Market Vectors, the fifth-largest US issuer of exchange-traded products sponsored by Van Eck Global, has launched the Mar Vectors BDC Income ETF (BIZD), the first exchanged-traded fund designed to offer pure-play exposure to business development companies (BDCs).
Business development companies generate income by lending to, and investing in, privately-held or thinly traded public companies that tend to be below investment-grade or not rated. BIZD seeks to replicate, before fees and expenses, the Market Vectors US Business Development Companies Index (MVBIZDTG), a rules-based index intended to track the overall performance of publicly traded business development companies.
To qualify for the index, a BDC must have a market capitalization in excess of $150 million, a three-month average daily trading volume of more than $1million if listed, and a minimum trading volume of 250,000 shares each month in the previous six months.
BDCs are known for high dividend payouts and offer investors a chance to gain exposure in senior secured debt, mezzanine debt, private equity and other exotic layers of capital structure traditionally available to institutional investors.
The index currently has 25 constituents with Ares Capital (15.98 percent), American Capital Ltd (14.81 percent), Prospect Capital Corp (7.48 percent), Apollo Investment Corp (6.11 percent) and Triangle Capital Corp (4.85percent) receiving the highest allocation. The top ten holdings account for 72.10 percent of total asset allocation.
Since little information is available (analysts of leading financial institutions tend to ignore them, hence they mostly remain under the radar) for private and thinly traded companies, there is a possibility that you may not be able to make fully informed investment decisions, thus missing out on opportunities.

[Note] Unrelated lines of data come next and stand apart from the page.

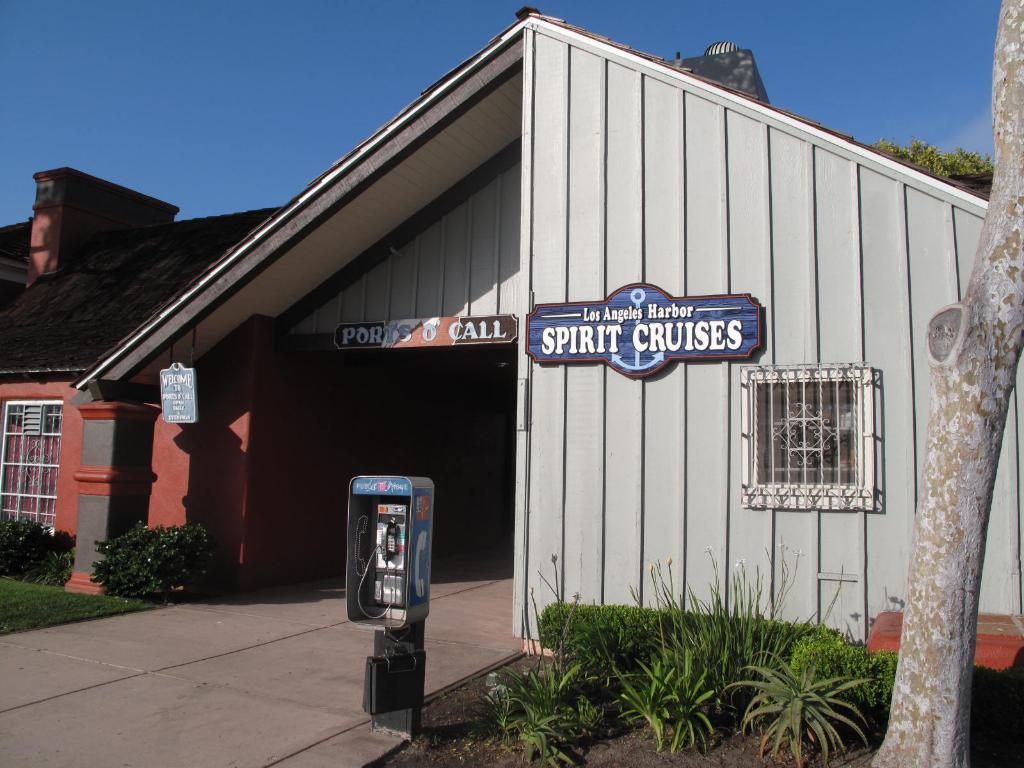What is the main subject in the center of the image? There is a house in the center of the image. What type of vegetation can be seen on the right side of the image? There are plants on the right side of the image. What type of vegetation can be seen on the left side of the image? There are plants on the left side of the image. What structure is located in the center of the image, besides the house? There is a vending pole in the center of the image. How many legs can be seen on the chessboard in the image? There is no chessboard present in the image, so it is not possible to determine the number of legs. 
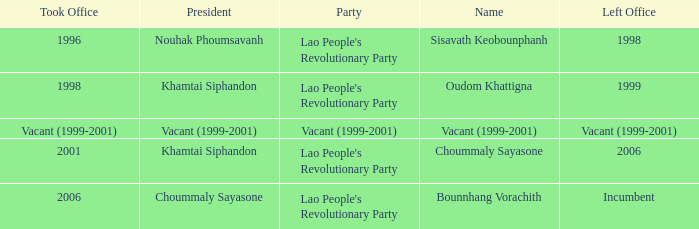What is Left Office, when Party is Vacant (1999-2001)? Vacant (1999-2001). 
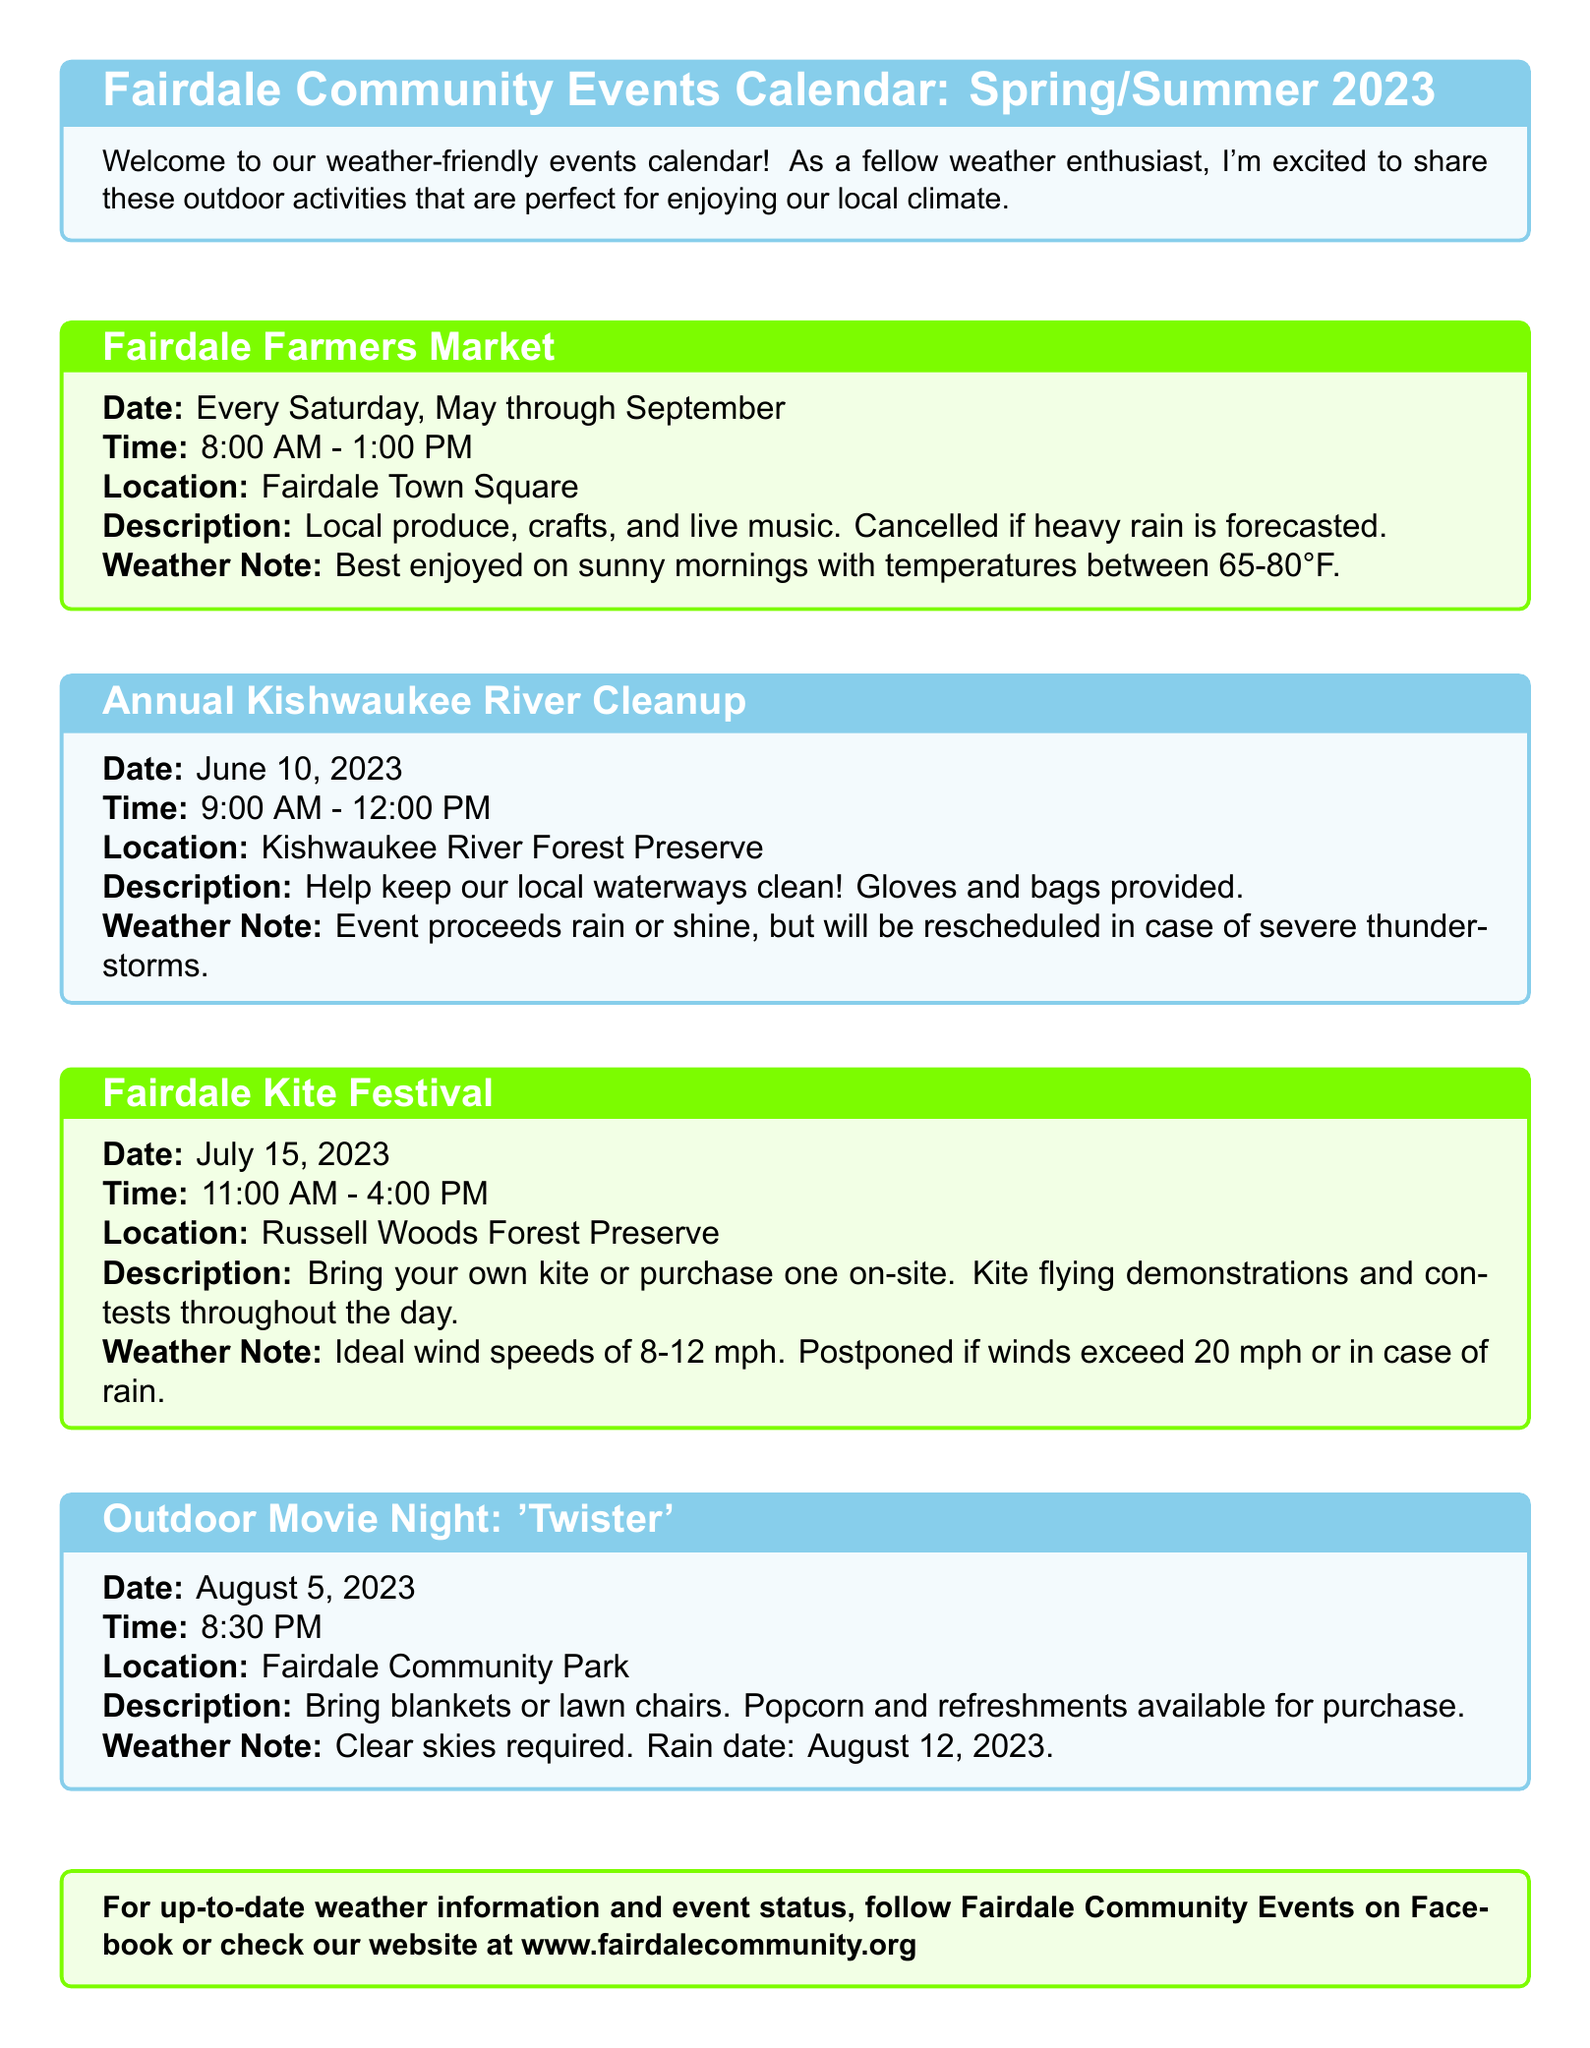What is the location of the Fairdale Farmers Market? The Fairdale Farmers Market takes place at Fairdale Town Square as mentioned in the document.
Answer: Fairdale Town Square On what date is the Annual Kishwaukee River Cleanup scheduled? The Annual Kishwaukee River Cleanup is specifically scheduled for June 10, 2023, as indicated in the document.
Answer: June 10, 2023 What time does the Fairdale Kite Festival start? The document states that the Fairdale Kite Festival begins at 11:00 AM.
Answer: 11:00 AM What type of weather is required for the Outdoor Movie Night? According to the document, clear skies are required for the Outdoor Movie Night to proceed.
Answer: Clear skies What will happen if it rains during the Fairdale Farmers Market? The document notes that the Fairdale Farmers Market will be cancelled if heavy rain is forecasted.
Answer: Cancelled What is the ideal wind speed for the Fairdale Kite Festival? The ideal wind speeds for the Fairdale Kite Festival, as per the document, are 8-12 mph.
Answer: 8-12 mph What is the rain date for the Outdoor Movie Night? The rain date for the Outdoor Movie Night is explicitly mentioned as August 12, 2023.
Answer: August 12, 2023 How can one stay updated on weather information and event status? The document advises following Fairdale Community Events on Facebook or checking their website for updates.
Answer: Fairdale Community Events on Facebook or website

However, you should bear in mind that investing in smaller and less-mature private companies involves greater risk than well-established and larger publicly-traded companies, making them potentially more susceptible to issues arising of defaults and bankruptcies. Additionally, limitations on asset mix and leverage may make it difficult for BDCs to raise capital. BDCs also tend to be adversely affected by market volatility than more diversified investments.
BIZD has a direct expense ratio of 0.40 percent. However, SEC rules requires fund of funds like BIZD to report a total expense ratios that constitutes expenses that a fund pays out directly out of its assets (“direct expenses”) as well as the expense ratios of the underlying funds in which it invests (acquired fund fees or indirect expenses).
BIZD has acquired fund fees and expenses of 7.16 percent with the net expense ratio totaling to 7.56 percent (7.10 percent plus 0.40 percent). You should note that acquired fund fees and expenses (7.16 percent in this case) are reflected in the prices of the acquired BDC shares and thus included in the total returns of the fund.
I wanted you to know that these types of ETFs exist. Personally, I do not favor this set up due to lack of transparency and high risk. However, if risk is your middle name, then you should research BIZD further.